Monitoro seus ninhos e a localização deles sempre no período de reprodução, vejo-as nascer e crescer, tendo colocado nome em todas. O grupo de Ursinhas de Mamãe Ursinha, se reproduz na zona rural de São Felipe, e foi lá que seis meses depois, no período de reprodução eu as encontrei e também um outro rebanho de sofrê com o sofrê solitário no meio. Ao me avistar ele se achegou, cantou por alguns minutos, depois voltou para seu grupo. Outro fato interessante é o de um pica-pau solitário (Colaptes campestris), único na Região do Recôncavo, que convive no grupo das Ursinhas e que todo ano pode ser visto sozinho, pousado na arvore onde as Ursinhas do grupo de Dougue se reproduz. Há oito anos este solitário pica-pau, acompanha e convive no grupo das Ursinhas.
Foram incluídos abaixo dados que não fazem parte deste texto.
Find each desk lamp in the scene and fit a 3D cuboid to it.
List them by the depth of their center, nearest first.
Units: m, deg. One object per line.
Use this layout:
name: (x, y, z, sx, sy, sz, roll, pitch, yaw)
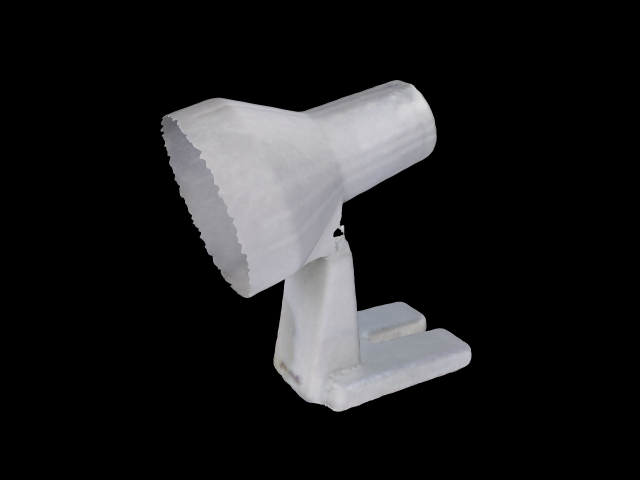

Numa fazenda embargada no apesar de ser área de ocorrência de caboclinho (Sporophila bouvrenil bouvrenil), ali não havia mais nenhum, devido aos crimes contra a espécie praticados antes do inicio do nosso trabalho. E devido a reintrodução havia algum grupo de papa-capim (Sporophila nigricollis). Soltei um caboclinho, esperando que nas próximas apreensões houvesse outros dessa espécie para repovoar a área. No dia seguinte à soltura, o caboclinho estava a comer sementes de capim, as seis horas da manhã junto com o rebanho de papa capim. Por uma semana nós o monitoramos no rebanho, até que os papa-capim migraram para se reproduzir e ele foi junto. Após a reprodução voltaram, e ele voltou também, com seu pequeno rebanho de cinco caboclinhos.

A vida nas Florestas:

Os pássaros vivem em harmonia e companheirismo com outros da mesma espécie e de espécie diferentes. E com as demais espécies animais. Por diversas vezes presenciei, aves se alimentando na companhia de coelhos e preás. Também tive oportunidade de presenciar esses mesmos animais brincando. Não há agressão, nem perseguição, nem ciúme no mundo animal. Quando jovens todos os Pássaros Silvestres correm atrás de outros pássaros adultos de espécies diferentes, que simplesmente correm e não os enfrentam ou os machucam pois sabem tratar-se de filhotes. Não há brigas entre pássaros da mesma espécie ou de espécies diferentes por disputa de território ou de alimentos. As brigas ocorrem entre pássaros da mesma espécie apenas no período de acasalamento e o motivo é a disputa pela fêmea. Eles podem atracar-se e permanecer assim por minutos a fio, terminam se machucando, mas não matando-se.

Publicado originalmente em 21 de março de 2009.